EXERCISE AIM:
When a line of the material has the word "render" in it, copy that line.

INPUT RECORDS:
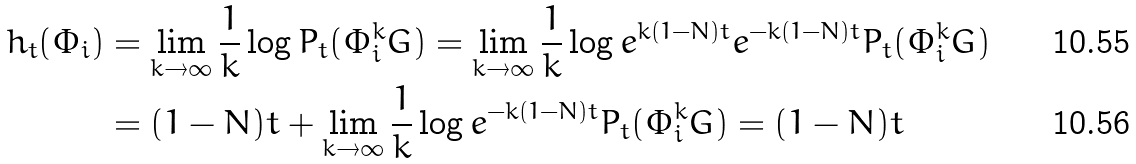<formula> <loc_0><loc_0><loc_500><loc_500>h _ { t } ( \Phi _ { i } ) & = \lim _ { k \to \infty } \frac { 1 } { k } \log P _ { t } ( \Phi _ { i } ^ { k } G ) = \lim _ { k \to \infty } \frac { 1 } { k } \log e ^ { k ( 1 - N ) t } e ^ { - k ( 1 - N ) t } P _ { t } ( \Phi _ { i } ^ { k } G ) \\ & = ( 1 - N ) t + \lim _ { k \to \infty } \frac { 1 } { k } \log e ^ { - k ( 1 - N ) t } P _ { t } ( \Phi _ { i } ^ { k } G ) = ( 1 - N ) t</formula> 
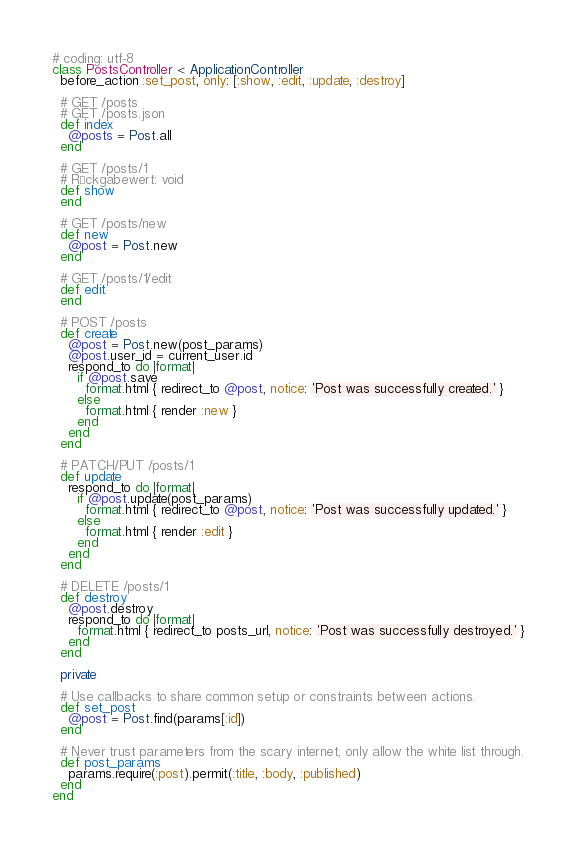Convert code to text. <code><loc_0><loc_0><loc_500><loc_500><_Ruby_># coding: utf-8
class PostsController < ApplicationController
  before_action :set_post, only: [:show, :edit, :update, :destroy]

  # GET /posts
  # GET /posts.json
  def index
    @posts = Post.all
  end

  # GET /posts/1
  # Rückgabewert: void
  def show
  end

  # GET /posts/new
  def new
    @post = Post.new
  end

  # GET /posts/1/edit
  def edit
  end

  # POST /posts
  def create
    @post = Post.new(post_params)
    @post.user_id = current_user.id
    respond_to do |format|
      if @post.save
        format.html { redirect_to @post, notice: 'Post was successfully created.' }
      else
        format.html { render :new }
      end
    end
  end

  # PATCH/PUT /posts/1
  def update
    respond_to do |format|
      if @post.update(post_params)
        format.html { redirect_to @post, notice: 'Post was successfully updated.' }
      else
        format.html { render :edit }
      end
    end
  end

  # DELETE /posts/1
  def destroy
    @post.destroy
    respond_to do |format|
      format.html { redirect_to posts_url, notice: 'Post was successfully destroyed.' }
    end
  end

  private

  # Use callbacks to share common setup or constraints between actions.
  def set_post
    @post = Post.find(params[:id])
  end

  # Never trust parameters from the scary internet, only allow the white list through.
  def post_params
    params.require(:post).permit(:title, :body, :published)
  end
end
</code> 
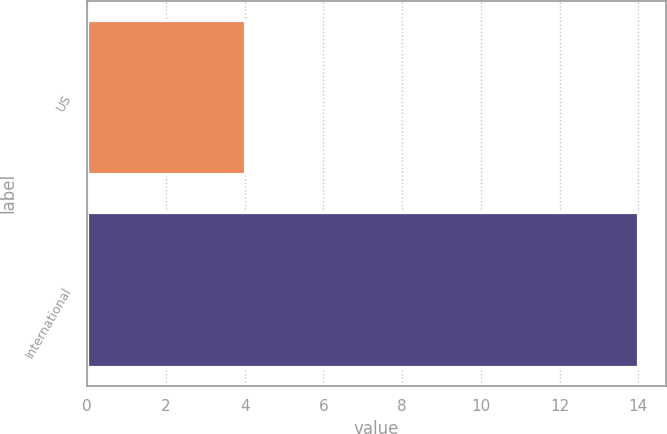<chart> <loc_0><loc_0><loc_500><loc_500><bar_chart><fcel>US<fcel>International<nl><fcel>4<fcel>14<nl></chart> 
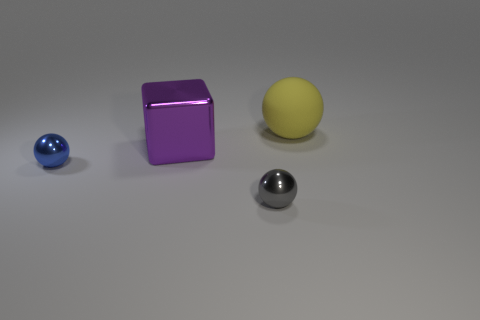There is a object that is the same size as the yellow rubber ball; what is its color?
Your response must be concise. Purple. Are there an equal number of large metal things that are to the right of the yellow rubber sphere and big blue metal balls?
Ensure brevity in your answer.  Yes. There is a thing that is in front of the matte object and to the right of the large metal object; what is its shape?
Your answer should be compact. Sphere. Does the purple metal object have the same size as the blue shiny ball?
Provide a succinct answer. No. Is there a blue cube that has the same material as the small gray ball?
Give a very brief answer. No. What number of objects are behind the blue metallic sphere and in front of the large matte sphere?
Offer a terse response. 1. There is a tiny gray object that is to the right of the tiny blue metal thing; what material is it?
Make the answer very short. Metal. What number of other big metallic blocks are the same color as the shiny block?
Provide a short and direct response. 0. There is a blue thing that is the same material as the big block; what is its size?
Make the answer very short. Small. How many things are either big spheres or small metal things?
Provide a succinct answer. 3. 
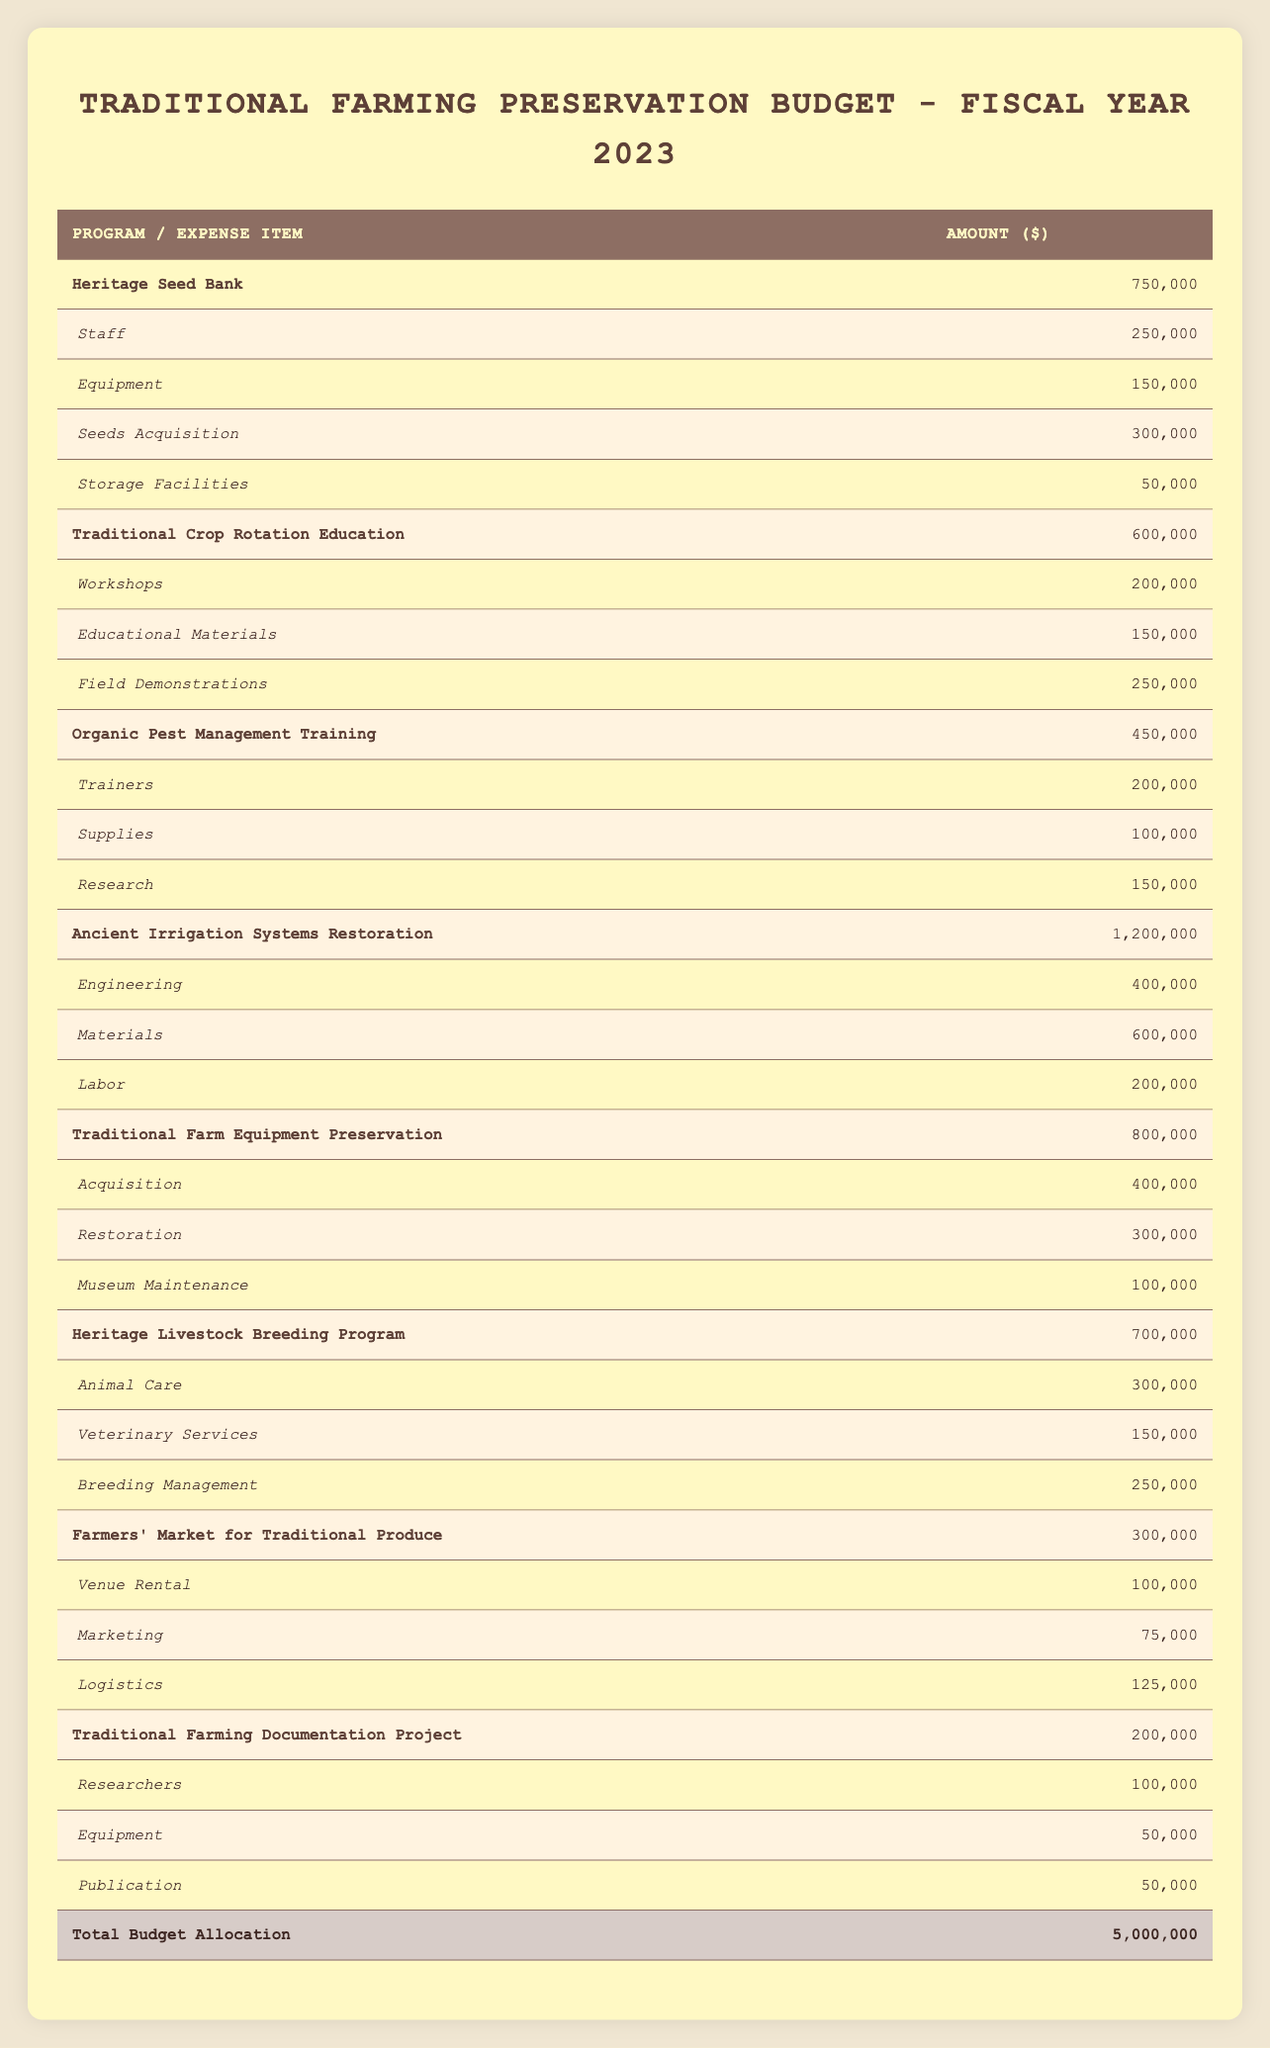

ANSWER:
        format.html { render :new }
        format.html { render :edit }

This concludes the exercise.